Now I have a little better idea about your circuit. Your analog circuit is not high speed as you only use SPI bus. I don't think you need to split into two boards. You still have digital on the analog as you have the SPI interface.
But if that's what you want, read my original post again. It is the proximity that is very important. Digital return current on the ground plane stay closely under the trace, so make sure you have all the digital signals stay clear of the analog circuit. Have the analog input and circuit on one side of the board, all the digital circuit on the other side, the SPI come out on the side of the digital circuit.
I take that you plug the small analog board onto the digital board by a connector. Make sure you have plenty of ground pins, each pin accompanies one signal of the SPI. You don't need to add any more ground connection after that. So you have input analog signal and ground, going through the analog board, then ground connects through the SPI connector to the digital board.
Again, you don't need to split board. I pack dense surface mount mixed signal circuits together all the time. I worked with very low level signals of uV range. On very sensitive circuit, I use 6 layer boards, I have two ground layers and put the split power plane sandwiched between the two ground layers so I don't have to worry about the split power plane. The two ground planes are continuous, no splitting. My last design was a mixed signal board with 16 channel 400MHz bandwidth each with gain of about 50 to 100. Converting into pulses by comparators and feed into FIFO so slow down the read out speed. All in a 12"X10" board.
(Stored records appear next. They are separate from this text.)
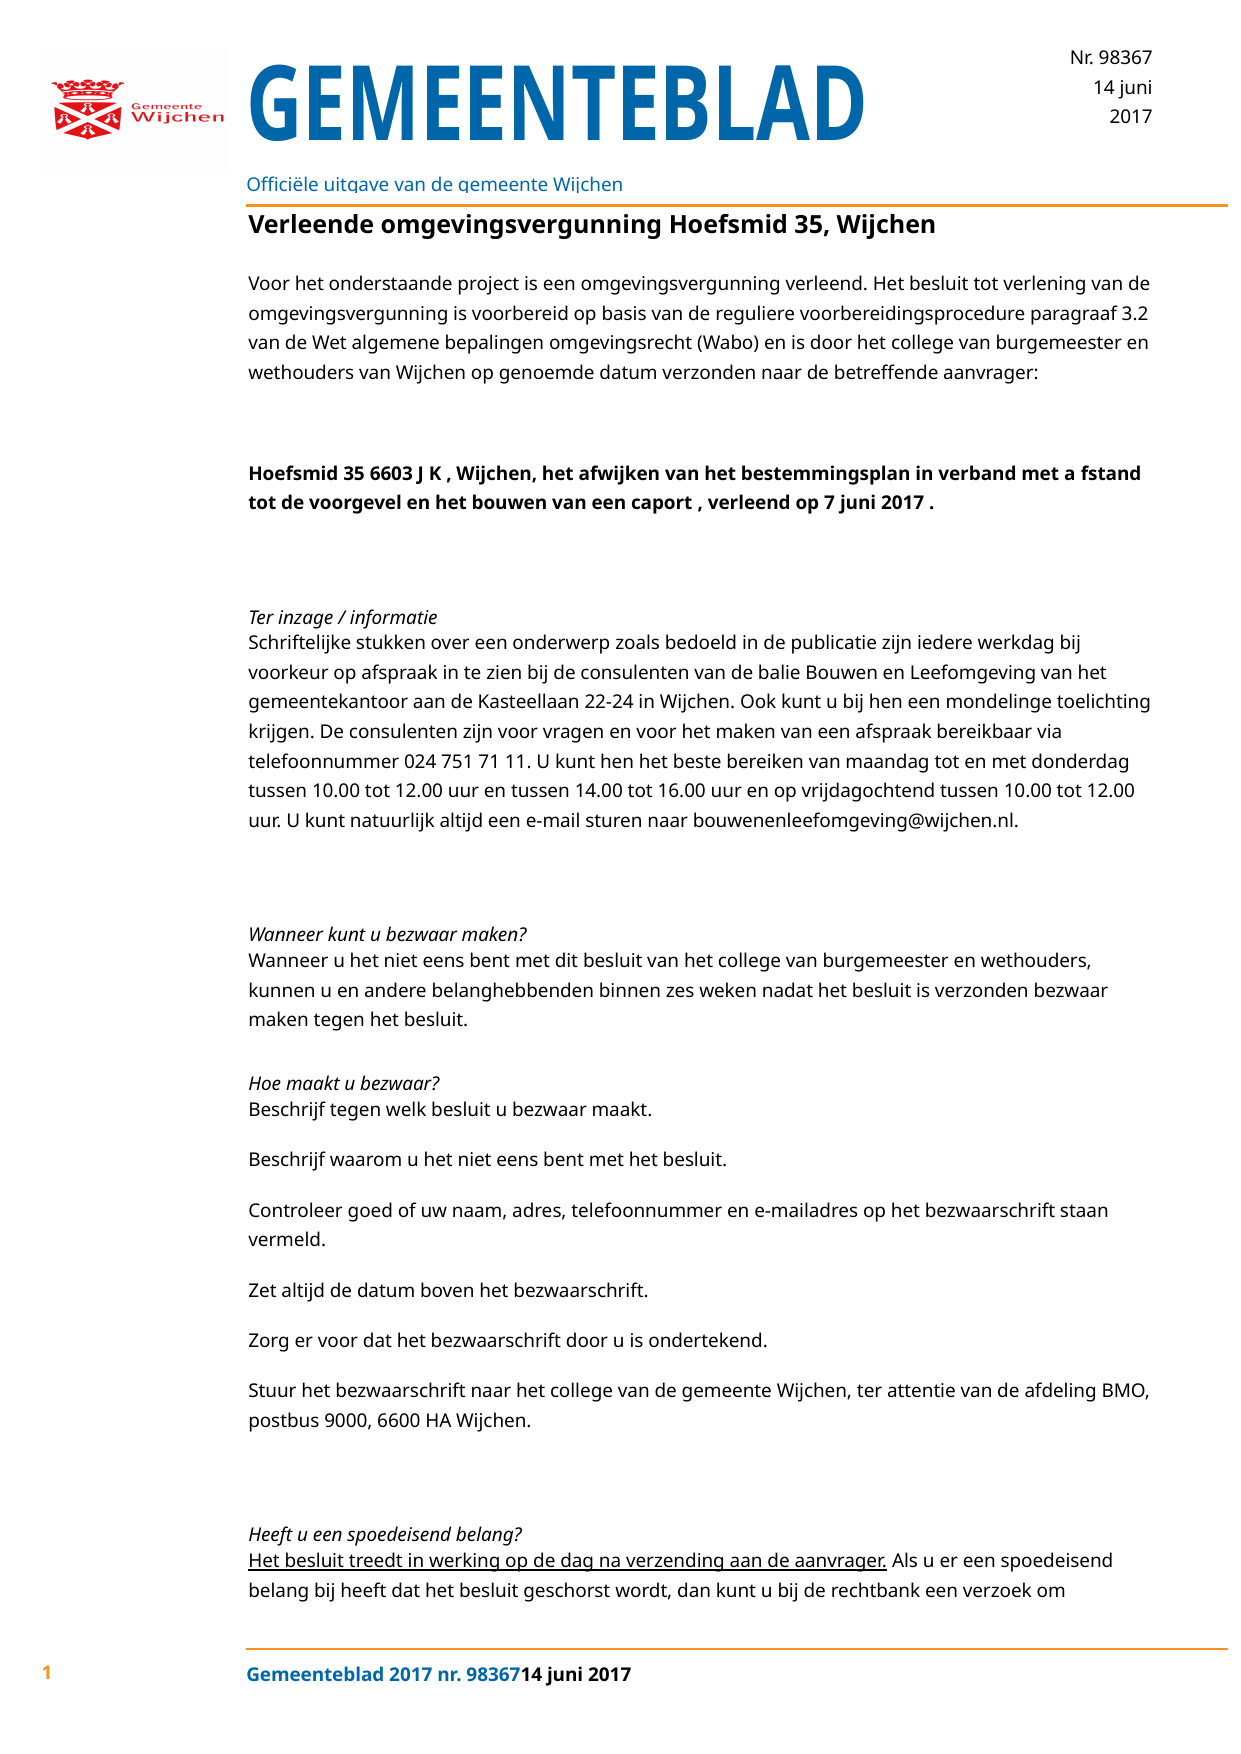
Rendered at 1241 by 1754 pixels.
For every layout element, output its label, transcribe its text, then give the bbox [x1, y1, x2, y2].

text Wanneer kunt u bezwaar maken? [248, 921, 1152, 947]
text Wanneer u het niet eens bent met dit besluit van het college van burgemeester en wethouders, kunnen u en andere belanghebbenden binnen zes weken nadat het besluit is verzonden bezwaar maken tegen het besluit. [248, 947, 1152, 1032]
text Beschrijf waarom u het niet eens bent met het besluit. [248, 1146, 1152, 1172]
text Zorg er voor dat het bezwaarschrift door u is ondertekend. [248, 1327, 1152, 1353]
text Het besluit treedt in werking op de dag na verzending aan de aanvrager. Als u er een spoedeisend belang bij heeft dat het besluit geschorst wordt, dan kunt u bij de rechtbank een verzoek om [248, 1547, 1152, 1603]
text Stuur het bezwaarschrift naar het college van de gemeente Wijchen, ter attentie van de afdeling BMO, postbus 9000, 6600 HA Wijchen. [248, 1378, 1152, 1433]
text Ter inzage / informatie [248, 604, 1152, 629]
picture [41, 47, 231, 172]
text Hoe maakt u bezwaar? [248, 1070, 1152, 1096]
text Heeft u een spoedeisend belang? [248, 1522, 1152, 1547]
text Beschrijf tegen welk besluit u bezwaar maakt. [248, 1096, 1152, 1122]
text Voor het onderstaande project is een omgevingsvergunning verleend. Het besluit tot verlening van de omgevingsvergunning is voorbereid op basis van de reguliere voorbereidingsprocedure paragraaf 3.2 van de Wet algemene bepalingen omgevingsrecht (Wabo) en is door het college van burgemeester en wethouders van Wijchen op genoemde datum verzonden naar de betreffende aanvrager: [248, 270, 1152, 385]
text Hoefsmid 35 6603 J K , Wijchen, het afwijken van het bestemmingsplan in verband met a fstand tot de voorgevel en het bouwen van een caport , verleend op 7 juni 2017 . [248, 460, 1152, 515]
text Zet altijd de datum boven het bezwaarschrift. [248, 1277, 1152, 1303]
text Schriftelijke stukken over een onderwerp zoals bedoeld in de publicatie zijn iedere werkdag bij voorkeur op afspraak in te zien bij de consulenten van de balie Bouwen en Leefomgeving van het gemeentekantoor aan de Kasteellaan 22-24 in Wijchen. Ook kunt u bij hen een mondelinge toelichting krijgen. De consulenten zijn voor vragen en voor het maken van een afspraak bereikbaar via telefoonnummer 024 751 71 11. U kunt hen het beste bereiken van maandag tot en met donderdag tussen 10.00 tot 12.00 uur en tussen 14.00 tot 16.00 uur en op vrijdagochtend tussen 10.00 tot 12.00 uur. U kunt natuurlijk altijd een e-mail sturen naar bouwenenleefomgeving@wijchen.nl. [248, 629, 1152, 833]
text Verleende omgevingsvergunning Hoefsmid 35, Wijchen [248, 207, 1152, 241]
text Controleer goed of uw naam, adres, telefoonnummer en e-mailadres op het bezwaarschrift staan vermeld. [248, 1197, 1152, 1252]
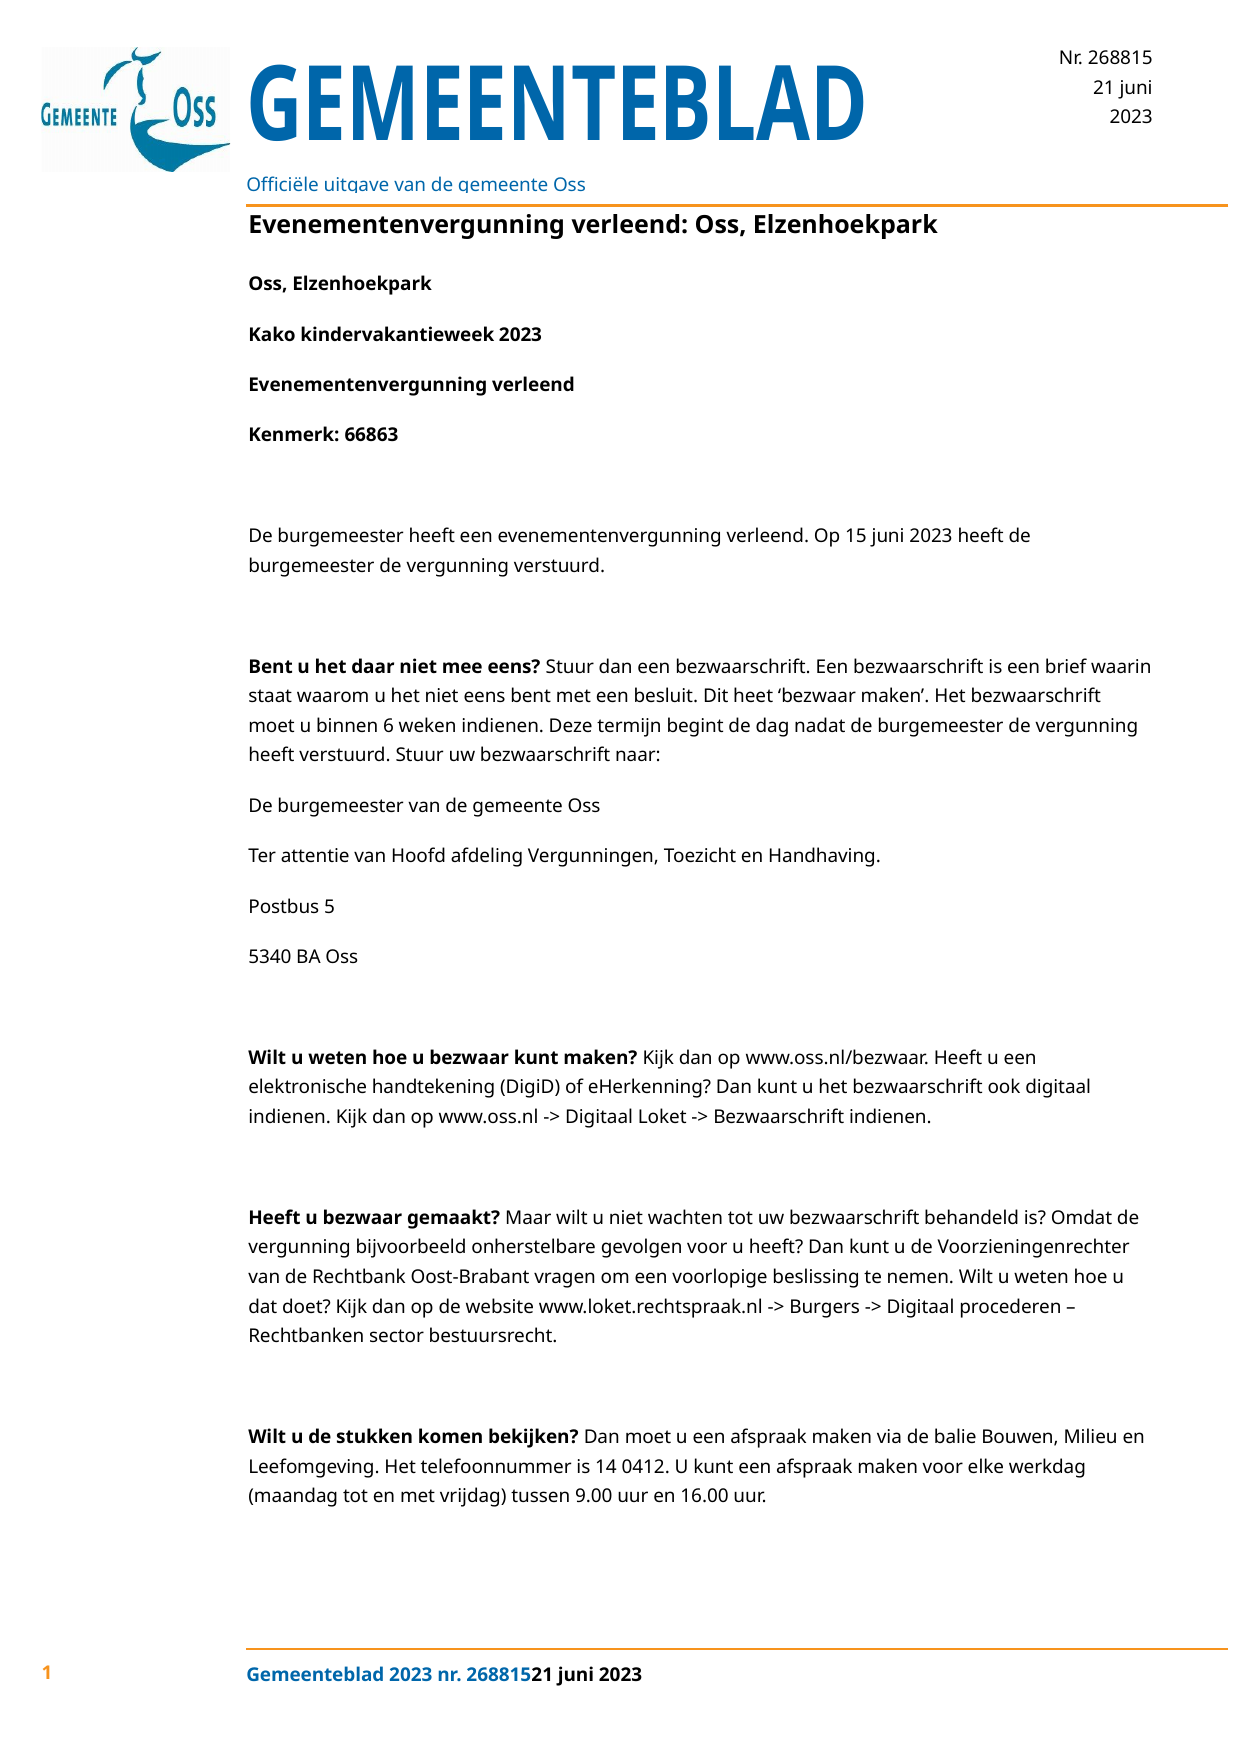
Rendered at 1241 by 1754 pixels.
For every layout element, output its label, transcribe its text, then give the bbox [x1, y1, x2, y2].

text Oss, Elzenhoekpark [248, 270, 1152, 296]
text Heeft u bezwaar gemaakt? Maar wilt u niet wachten tot uw bezwaarschrift behandeld is? Omdat de vergunning bijvoorbeeld onherstelbare gevolgen voor u heeft? Dan kunt u de Voorzieningenrechter van de Rechtbank Oost-Brabant vragen om een voorlopige beslissing te nemen. Wilt u weten hoe u dat doet? Kijk dan op de website www.loket.rechtspraak.nl -> Burgers -> Digitaal procederen – Rechtbanken sector bestuursrecht. [248, 1204, 1152, 1348]
text Evenementenvergunning verleend [248, 371, 1152, 397]
text Kako kindervakantieweek 2023 [248, 321, 1152, 346]
text Bent u het daar niet mee eens? Stuur dan een bezwaarschrift. Een bezwaarschrift is een brief waarin staat waarom u het niet eens bent met een besluit. Dit heet ‘bezwaar maken’. Het bezwaarschrift moet u binnen 6 weken indienen. Deze termijn begint de dag nadat de burgemeester de vergunning heeft verstuurd. Stuur uw bezwaarschrift naar: [248, 653, 1152, 767]
text Evenementenvergunning verleend: Oss, Elzenhoekpark [248, 207, 1152, 241]
text Postbus 5 [248, 893, 1152, 918]
text Wilt u weten hoe u bezwaar kunt maken? Kijk dan op www.oss.nl/bezwaar. Heeft u een elektronische handtekening (DigiD) of eHerkenning? Dan kunt u het bezwaarschrift ook digitaal indienen. Kijk dan op www.oss.nl -> Digitaal Loket -> Bezwaarschrift indienen. [248, 1044, 1152, 1129]
text De burgemeester van de gemeente Oss [248, 792, 1152, 818]
text 5340 BA Oss [248, 943, 1152, 969]
text Wilt u de stukken komen bekijken? Dan moet u een afspraak maken via de balie Bouwen, Milieu en Leefomgeving. Het telefoonnummer is 14 0412. U kunt een afspraak maken voor elke werkdag (maandag tot en met vrijdag) tussen 9.00 uur en 16.00 uur. [248, 1423, 1152, 1508]
picture [41, 47, 231, 172]
text Kenmerk: 66863 [248, 422, 1152, 447]
text Ter attentie van Hoofd afdeling Vergunningen, Toezicht en Handhaving. [248, 842, 1152, 868]
text De burgemeester heeft een evenementenvergunning verleend. Op 15 juni 2023 heeft de burgemeester de vergunning verstuurd. [248, 522, 1152, 578]

Lastly and most important.............Are you an engineer or pcb designer? If you are pcb designer, let the engineer make the decision. It's really not your problem, let the engineer decide and it'll be his responsibility. I am talking to you as an engineer and I make my decision and I am responsible 100% for my board. As a pcb designer, you are not responsible for this. I am not a pcb designer, I just layout my own boards as it is not efficient to work with a pcb designer in very critical mixed signal boards. AND ultimately, I am 100% responsible for the board.